By Uri Avnery
The vultures are circling. They can see the wounded man on the ground, and are waiting for his end.
So are the human carnivores – the politicians.
They sing his praises, swear to defend him with all their heart – but in their heads they are already calculating who might be his successor. Each of them mutters to themself: Why not me?
Binyamin Netanyahu is facing the greatest crisis in his long career. The police are about to conclude their investigations. The Attorney General is under huge pressure to issue official indictments. The large demonstrations near the Attorney General’s home are growing from week to week.
The Attorney General, the Inspector General of the Police and the Minister for Internal Security were all personally picked by Netanyahu (and his wife). Now even this does not help. The pressure is too strong.
The investigations may drag on for another few months, but the end seems certain: State of Israel v. Binyamin Netanyahu will go to court.
When a member of the government is indicted for a felony, they usually resign, or at least take leave of absence.

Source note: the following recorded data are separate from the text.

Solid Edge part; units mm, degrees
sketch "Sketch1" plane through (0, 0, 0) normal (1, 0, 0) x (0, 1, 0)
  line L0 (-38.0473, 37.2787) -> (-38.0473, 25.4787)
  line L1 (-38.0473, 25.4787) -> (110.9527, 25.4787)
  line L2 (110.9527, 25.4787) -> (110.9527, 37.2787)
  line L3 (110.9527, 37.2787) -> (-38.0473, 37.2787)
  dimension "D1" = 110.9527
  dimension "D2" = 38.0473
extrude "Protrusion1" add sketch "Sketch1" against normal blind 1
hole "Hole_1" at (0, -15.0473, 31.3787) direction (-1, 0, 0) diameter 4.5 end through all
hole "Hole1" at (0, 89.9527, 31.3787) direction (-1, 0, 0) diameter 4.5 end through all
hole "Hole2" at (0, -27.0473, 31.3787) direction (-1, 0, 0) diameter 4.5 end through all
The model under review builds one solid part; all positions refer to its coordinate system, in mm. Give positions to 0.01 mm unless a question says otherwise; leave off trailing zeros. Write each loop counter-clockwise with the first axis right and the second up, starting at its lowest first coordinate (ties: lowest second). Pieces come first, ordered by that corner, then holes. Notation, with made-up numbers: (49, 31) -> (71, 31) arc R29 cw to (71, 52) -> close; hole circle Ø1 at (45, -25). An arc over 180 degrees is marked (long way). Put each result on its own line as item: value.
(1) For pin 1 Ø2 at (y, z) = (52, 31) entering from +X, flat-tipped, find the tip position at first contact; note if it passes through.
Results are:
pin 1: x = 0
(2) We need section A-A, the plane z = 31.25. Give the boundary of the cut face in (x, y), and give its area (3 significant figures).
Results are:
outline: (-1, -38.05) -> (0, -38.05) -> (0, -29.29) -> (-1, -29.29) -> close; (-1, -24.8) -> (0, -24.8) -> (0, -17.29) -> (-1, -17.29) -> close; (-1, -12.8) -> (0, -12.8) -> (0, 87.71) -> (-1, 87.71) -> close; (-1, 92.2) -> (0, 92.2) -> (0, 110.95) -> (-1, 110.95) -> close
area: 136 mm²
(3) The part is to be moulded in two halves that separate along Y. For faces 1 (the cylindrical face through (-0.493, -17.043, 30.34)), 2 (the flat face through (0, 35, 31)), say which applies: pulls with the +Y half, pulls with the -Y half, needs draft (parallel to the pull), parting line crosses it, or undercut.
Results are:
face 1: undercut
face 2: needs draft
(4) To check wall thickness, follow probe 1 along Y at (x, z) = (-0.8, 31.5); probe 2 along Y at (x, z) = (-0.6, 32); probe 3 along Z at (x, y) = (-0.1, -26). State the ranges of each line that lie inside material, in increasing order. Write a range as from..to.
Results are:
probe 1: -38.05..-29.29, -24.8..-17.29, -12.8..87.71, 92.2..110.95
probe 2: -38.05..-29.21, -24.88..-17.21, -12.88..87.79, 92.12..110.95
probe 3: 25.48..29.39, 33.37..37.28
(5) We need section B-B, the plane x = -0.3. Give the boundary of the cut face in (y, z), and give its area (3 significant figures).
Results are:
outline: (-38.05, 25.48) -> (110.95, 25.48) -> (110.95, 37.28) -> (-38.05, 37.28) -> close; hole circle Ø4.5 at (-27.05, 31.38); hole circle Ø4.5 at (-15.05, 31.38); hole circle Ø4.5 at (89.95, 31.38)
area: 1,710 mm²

Not Netanyahu. No sir!
If he resigned, who would guard Israel and save it from the numerous dreadful dangers threatening the state from all sides? The Iranians are promising our extinction, the evil Arabs all around want to kill us, the leftists and other traitors threaten the state from within. How can we survive without Bibi? The danger is too awful to contemplate!

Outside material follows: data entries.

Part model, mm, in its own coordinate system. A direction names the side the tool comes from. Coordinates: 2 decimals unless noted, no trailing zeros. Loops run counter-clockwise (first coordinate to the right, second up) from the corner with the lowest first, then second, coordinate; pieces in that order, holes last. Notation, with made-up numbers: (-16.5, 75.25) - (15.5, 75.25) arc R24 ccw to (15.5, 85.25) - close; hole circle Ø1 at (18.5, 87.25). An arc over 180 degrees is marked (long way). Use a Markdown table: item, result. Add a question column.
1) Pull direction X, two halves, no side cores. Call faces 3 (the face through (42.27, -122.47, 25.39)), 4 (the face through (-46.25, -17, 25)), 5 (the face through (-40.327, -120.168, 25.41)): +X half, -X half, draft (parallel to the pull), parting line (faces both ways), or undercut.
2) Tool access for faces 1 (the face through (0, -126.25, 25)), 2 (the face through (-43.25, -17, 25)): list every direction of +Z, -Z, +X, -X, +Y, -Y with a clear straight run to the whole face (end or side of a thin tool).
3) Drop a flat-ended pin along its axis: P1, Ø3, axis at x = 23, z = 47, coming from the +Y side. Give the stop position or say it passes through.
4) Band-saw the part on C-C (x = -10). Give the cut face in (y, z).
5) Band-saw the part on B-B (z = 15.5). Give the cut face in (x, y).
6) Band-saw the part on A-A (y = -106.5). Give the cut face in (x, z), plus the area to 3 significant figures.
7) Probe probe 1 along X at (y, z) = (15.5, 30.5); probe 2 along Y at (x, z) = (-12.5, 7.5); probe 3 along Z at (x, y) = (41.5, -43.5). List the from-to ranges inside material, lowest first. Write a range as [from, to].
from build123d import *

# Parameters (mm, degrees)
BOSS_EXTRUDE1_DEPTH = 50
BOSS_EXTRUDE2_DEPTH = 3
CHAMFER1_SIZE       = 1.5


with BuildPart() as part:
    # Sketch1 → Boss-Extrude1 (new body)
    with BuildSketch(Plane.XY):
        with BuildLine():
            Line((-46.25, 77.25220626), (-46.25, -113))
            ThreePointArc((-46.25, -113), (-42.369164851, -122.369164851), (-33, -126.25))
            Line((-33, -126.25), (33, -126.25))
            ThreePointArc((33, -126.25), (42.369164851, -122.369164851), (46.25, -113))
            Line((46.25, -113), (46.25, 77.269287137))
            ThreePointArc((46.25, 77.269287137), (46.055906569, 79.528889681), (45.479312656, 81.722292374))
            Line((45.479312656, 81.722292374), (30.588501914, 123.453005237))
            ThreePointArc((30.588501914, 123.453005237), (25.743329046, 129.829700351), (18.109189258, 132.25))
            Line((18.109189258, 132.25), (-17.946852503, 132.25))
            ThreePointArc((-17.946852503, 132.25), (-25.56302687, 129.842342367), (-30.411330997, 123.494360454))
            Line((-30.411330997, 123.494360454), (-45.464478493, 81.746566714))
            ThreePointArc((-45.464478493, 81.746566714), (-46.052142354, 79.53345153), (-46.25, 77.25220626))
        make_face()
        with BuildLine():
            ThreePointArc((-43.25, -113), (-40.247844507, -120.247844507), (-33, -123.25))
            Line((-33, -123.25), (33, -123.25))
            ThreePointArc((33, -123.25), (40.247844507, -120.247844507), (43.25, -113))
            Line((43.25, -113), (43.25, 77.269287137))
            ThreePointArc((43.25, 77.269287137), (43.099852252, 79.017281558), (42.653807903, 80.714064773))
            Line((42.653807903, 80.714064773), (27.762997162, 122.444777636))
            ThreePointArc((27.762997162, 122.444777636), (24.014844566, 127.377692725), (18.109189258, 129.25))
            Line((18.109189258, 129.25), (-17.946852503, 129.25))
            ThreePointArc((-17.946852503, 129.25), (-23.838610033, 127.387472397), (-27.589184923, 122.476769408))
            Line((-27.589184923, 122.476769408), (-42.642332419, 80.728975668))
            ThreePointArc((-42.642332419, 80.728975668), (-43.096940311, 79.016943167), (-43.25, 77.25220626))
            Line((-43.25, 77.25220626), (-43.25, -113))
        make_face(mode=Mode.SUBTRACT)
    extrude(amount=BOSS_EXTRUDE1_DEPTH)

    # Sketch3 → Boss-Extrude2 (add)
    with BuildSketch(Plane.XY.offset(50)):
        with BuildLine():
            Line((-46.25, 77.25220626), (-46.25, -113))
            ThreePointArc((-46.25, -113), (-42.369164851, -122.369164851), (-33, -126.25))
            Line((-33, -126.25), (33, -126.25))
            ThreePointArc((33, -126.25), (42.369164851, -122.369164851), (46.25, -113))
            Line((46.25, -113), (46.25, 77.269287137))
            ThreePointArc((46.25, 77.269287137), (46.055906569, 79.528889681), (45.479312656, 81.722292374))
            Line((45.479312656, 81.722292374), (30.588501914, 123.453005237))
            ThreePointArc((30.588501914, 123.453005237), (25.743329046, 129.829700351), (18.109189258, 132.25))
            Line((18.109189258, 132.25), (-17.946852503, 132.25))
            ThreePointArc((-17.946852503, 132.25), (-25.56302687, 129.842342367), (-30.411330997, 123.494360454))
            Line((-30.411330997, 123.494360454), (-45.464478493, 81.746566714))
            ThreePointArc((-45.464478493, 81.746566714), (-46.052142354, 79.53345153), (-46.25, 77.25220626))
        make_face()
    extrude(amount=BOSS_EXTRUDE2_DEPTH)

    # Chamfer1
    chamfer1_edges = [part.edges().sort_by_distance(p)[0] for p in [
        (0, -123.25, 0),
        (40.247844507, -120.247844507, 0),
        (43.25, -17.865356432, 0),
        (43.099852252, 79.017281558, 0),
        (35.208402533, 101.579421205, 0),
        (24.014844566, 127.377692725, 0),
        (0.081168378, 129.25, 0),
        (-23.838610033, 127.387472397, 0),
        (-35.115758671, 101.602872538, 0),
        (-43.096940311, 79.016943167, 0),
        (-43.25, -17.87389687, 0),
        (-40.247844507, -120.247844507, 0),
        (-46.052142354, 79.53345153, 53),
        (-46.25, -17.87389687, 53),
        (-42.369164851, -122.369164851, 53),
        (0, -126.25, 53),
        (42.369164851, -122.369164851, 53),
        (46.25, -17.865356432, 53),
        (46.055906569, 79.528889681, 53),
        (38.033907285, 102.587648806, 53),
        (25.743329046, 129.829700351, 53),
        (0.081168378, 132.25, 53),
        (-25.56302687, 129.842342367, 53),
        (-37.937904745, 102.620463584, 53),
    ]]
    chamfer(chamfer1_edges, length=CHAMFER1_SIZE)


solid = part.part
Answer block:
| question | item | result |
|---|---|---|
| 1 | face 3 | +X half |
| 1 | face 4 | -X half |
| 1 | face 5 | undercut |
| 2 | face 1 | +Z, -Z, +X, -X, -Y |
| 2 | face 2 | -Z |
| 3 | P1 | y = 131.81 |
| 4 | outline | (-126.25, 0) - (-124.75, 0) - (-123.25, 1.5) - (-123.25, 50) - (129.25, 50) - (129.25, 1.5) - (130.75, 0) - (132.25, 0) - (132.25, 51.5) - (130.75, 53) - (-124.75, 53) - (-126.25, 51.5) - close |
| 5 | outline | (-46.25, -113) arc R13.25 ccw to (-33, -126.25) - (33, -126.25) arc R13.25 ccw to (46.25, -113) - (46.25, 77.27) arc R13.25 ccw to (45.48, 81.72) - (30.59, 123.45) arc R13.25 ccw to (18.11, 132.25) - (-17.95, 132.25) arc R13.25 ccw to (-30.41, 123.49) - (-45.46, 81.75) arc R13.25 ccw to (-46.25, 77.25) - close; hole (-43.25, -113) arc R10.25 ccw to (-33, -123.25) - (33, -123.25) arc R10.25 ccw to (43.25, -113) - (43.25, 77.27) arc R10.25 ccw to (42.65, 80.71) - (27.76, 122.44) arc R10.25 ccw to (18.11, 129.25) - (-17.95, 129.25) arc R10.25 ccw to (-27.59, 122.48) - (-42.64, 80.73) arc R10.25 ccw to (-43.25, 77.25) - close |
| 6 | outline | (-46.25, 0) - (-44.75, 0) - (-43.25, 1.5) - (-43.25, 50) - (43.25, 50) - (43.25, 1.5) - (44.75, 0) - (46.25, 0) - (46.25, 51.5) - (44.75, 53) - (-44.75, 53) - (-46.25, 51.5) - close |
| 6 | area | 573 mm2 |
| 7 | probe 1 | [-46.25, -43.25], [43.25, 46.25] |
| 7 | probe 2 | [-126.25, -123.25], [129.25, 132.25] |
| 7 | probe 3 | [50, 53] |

Netanyahu seems to believe this himself. He, his wife and his eldest son behave like a royal family. They buy without paying, travel as guests of others, receive expensive gifts as a matter of course.
Popular humor accompanies all these transgressions. The police has entered this spirit and decorated his files with many zeros.
File 1000 concerns the gifts. The Netanyahus are surrounded by a crowd of billionaires, who compete with each other in presenting gifts. Many jokes were made about the expensive cigars and pink champagne given to the family – until it transpired that their value amounts to tens of thousands of dollars. And the donors expect something in return from the donees.
File 2000 concerns a peculiar matter. Yedioth Ahronoth (“Latest News”) was Israel’s largest daily newspaper, until Israel Hayom (“Israel Today”) appeared – a paper distributed for nothing. It was founded by Sheldon Adelson, an admirer of Netanyahu and the owner of huge casinos in Las Vegas and Macao. It is devoted to the single task of glorifying King Bibi.
In a recorded private conversation, Netanyahu offered Noni Moses, the owner of Yedioth, a deal: Israel Today would reduce its size and circulation if Yedioth started to glorify Bibi. Legally, this may amount to bribery.
And then there is File 3000, deep beneath the sea. The German shipbuilder ThyssenKrupp (two names well remembered as Hitler’s weapons suppliers) builds our submarines. Three, six, nine. The sky – or the sea – is the limit.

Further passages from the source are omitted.